DGLAP evolution at N$^3$LO with the $\texttt{Candia}$ algorithm

TL;DR

This paper extends the Candia algorithm to N$^3$LO accuracy in QCD for solving DGLAP equations, enabling precise evolution of parton densities with a publicly available code for benchmarking and future extensions.

Contribution

The paper introduces a generalized Candia algorithm at N$^3$LO, providing a new method for solving DGLAP equations with higher precision in QCD.

Findings

Provides approximate N$^3$LO PDFs for benchmarking.

Presents an exact solution expansion in the non-singlet sector.
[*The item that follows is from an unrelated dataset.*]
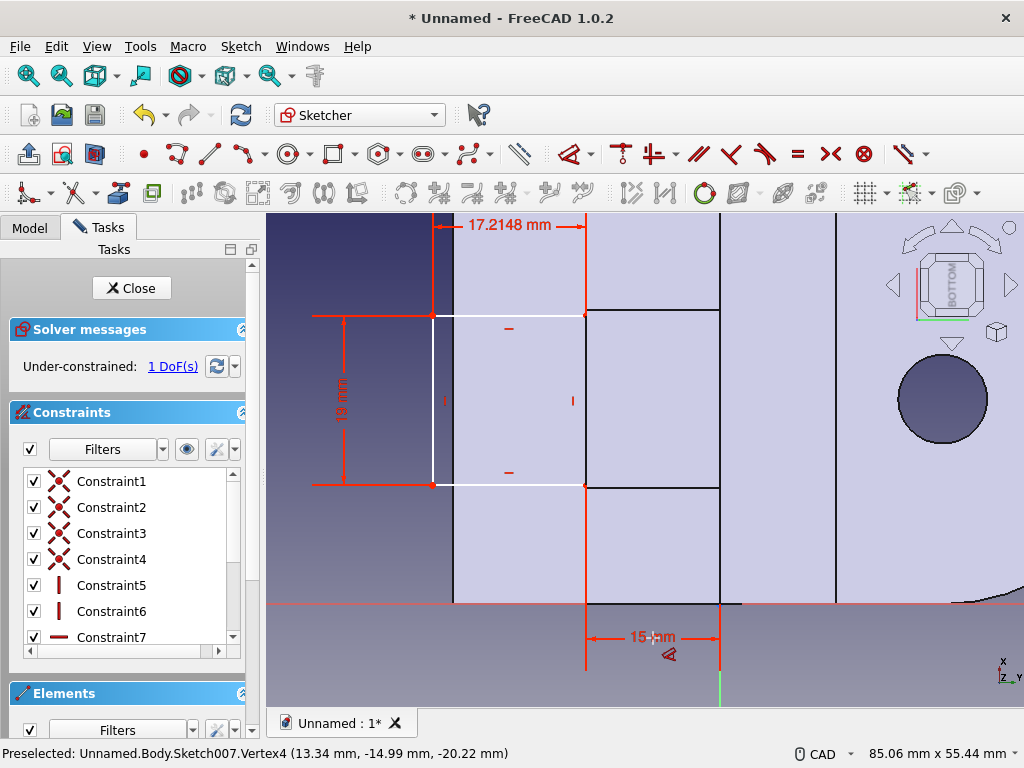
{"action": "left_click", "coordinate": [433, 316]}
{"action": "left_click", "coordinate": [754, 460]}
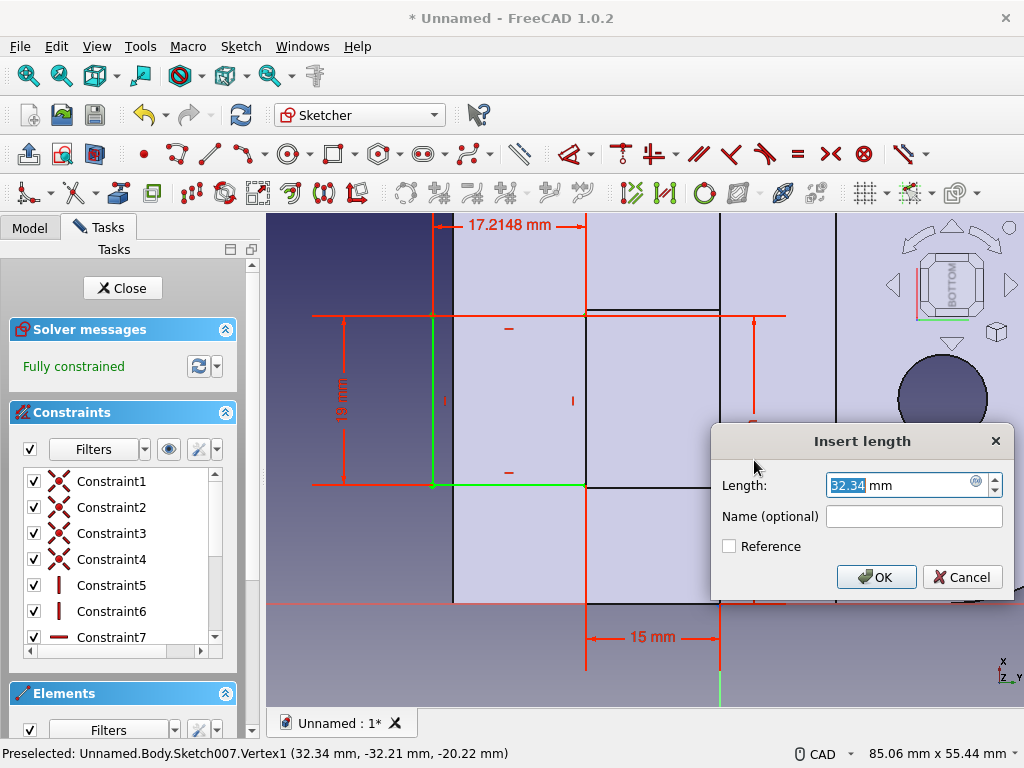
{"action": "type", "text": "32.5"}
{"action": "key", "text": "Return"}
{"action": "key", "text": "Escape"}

Code version Candia-v2 is publicly available.

Abstract

We present a generalization of the $x$-space $\texttt{Candia}$ algorithm to next-to-next-to-next-to-leading order (N$^3$LO) accuracy in Quantum Chromodynamics (QCD) for solving the DGLAP evolution equations for unpolarized parton densities in the nucleon. The algorithm is based on logarithmic expansions of the solution and can be extended to all orders in QCD. An expansion equivalent to the exact solution of the DGLAP equation at N$^3$LO is presented in the non-singlet sector. Results for approximate N$^3$LO PDFs, evolved using the most recent approximations to the N$^3$LO DGLAP splitting functions, are provided for benchmarking. The new version of the code, $\texttt{Candia-v2}$, is publicly available at https://github.com/champso1/candia-v2.